Sunday, December 23, 2007

meg amazed me...

she just brought down the Christmas card she wrote for her dad, and this is what it says. (she crosses her heart & promises that it came out of her own head...)

(outside) "life just never turns out the way i want it to every day!"

(inside) "but on Christmas, the love, the joy and the family fills my heart with Joy all because of the hugs you give me!"

and someday they will be running things...

(the car passes BB&T - a local bank)

meg: what does BB&T stand for?

kyra: (without pause) "best barbeque & tootsie rolls"
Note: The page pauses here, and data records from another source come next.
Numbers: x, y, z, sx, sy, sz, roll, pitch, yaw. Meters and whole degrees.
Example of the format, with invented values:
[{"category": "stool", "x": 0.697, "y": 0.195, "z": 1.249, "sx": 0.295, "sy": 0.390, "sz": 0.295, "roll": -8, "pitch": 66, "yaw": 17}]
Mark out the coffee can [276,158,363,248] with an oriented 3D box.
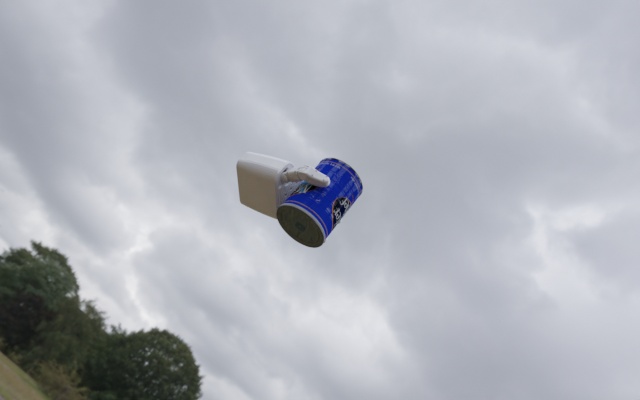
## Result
[{"category": "coffee can", "x": 0.000, "y": 0.003, "z": 0.884, "sx": 0.103, "sy": 0.103, "sz": 0.140, "roll": 0, "pitch": 40, "yaw": 45}]

meg: (long pause) you know, you've got a 95% chance of being right.

me: (smiling) how do you figure that, meg?

meg: (without pause) because what else could it be?!

Friday, December 21, 2007

i'm with dorothy....


there's NO place like home!

Wednesday, December 19, 2007

wednesday


a very successful, happy day. and then i had chinese take out for lunch, and the fortune in my cookie said, "wednesday is your lucky day"! i don't put much...well, any...stock in those things, but it made me smile none the less, and it's only 2 sleeps til i get to go home!! hooray!


it's been a good, good week. but i miss my family and friends...

Tuesday, December 18, 2007

This is from an interview with Anne Lemont in Relevant Magazine Online... it's so human, and so real...

"What does it mean to be a believer?

I have a very pathetic and innocent relationship with Jesus. [The things] I’m sure about are the things the kids in church sing: that I’m loved and never alone. I am a complicated and worried person. To know that I can just say “hi” and “I am so lost,” and He says, “Hi, hon. No, you’re not. Let’s breathe. Get a glass of water. Do you want to call a friend?” Simple works for me. I love to read profound, theological, brilliant, stunning stuff that throws the lights on for me, and then I write about it so I can disseminate it. But I don’t have brilliant, theological thoughts. The difference my church makes is that I still get lost, but I find my way back sooner."

i have to say, while "pathetic" wouldn't be descriptive for my journey, "innocent" totally would. i am sure about all the things the children sing... and my life is richer and better for it. :) never underestimate the value of a childlike heart - but remember c.s. lewis - the heart of a child, but all the rigorous intellect of an adult. (sorry to paraphrase his wise words... i can't find the quote online, and i'm without my library temporarily)

Sunday, December 16, 2007

i seem to have ...

... turned a corner. hooray!

my bouyancey has returned, and i, for one, am relieved. i have moved back into excited and anticipatory. i feel more like me.

i know you had something to do with that - thank you.

love rae

Saturday, December 15, 2007

i've been meaning to quote this for a while now ...

"Jesus said that our foremost sign of discipleship would be our love for one another. 'A new command I give you: Love one another. By this all men will know that you are my disciples, if you love one another' (John 13:34-35). His teaching is unequivocal here. We would be known as his followers not because we are chaste, celibate, honest, sober or respectable; not because we are church-going, Bible-toting, or Psalm-singing. Rather we would be recognized as disciples primarily by our deep and delicate respect for one another, our cordial love impregnanted with reverence for the sacred dimention of the human personality." - Brennan Manning (emphasis mine)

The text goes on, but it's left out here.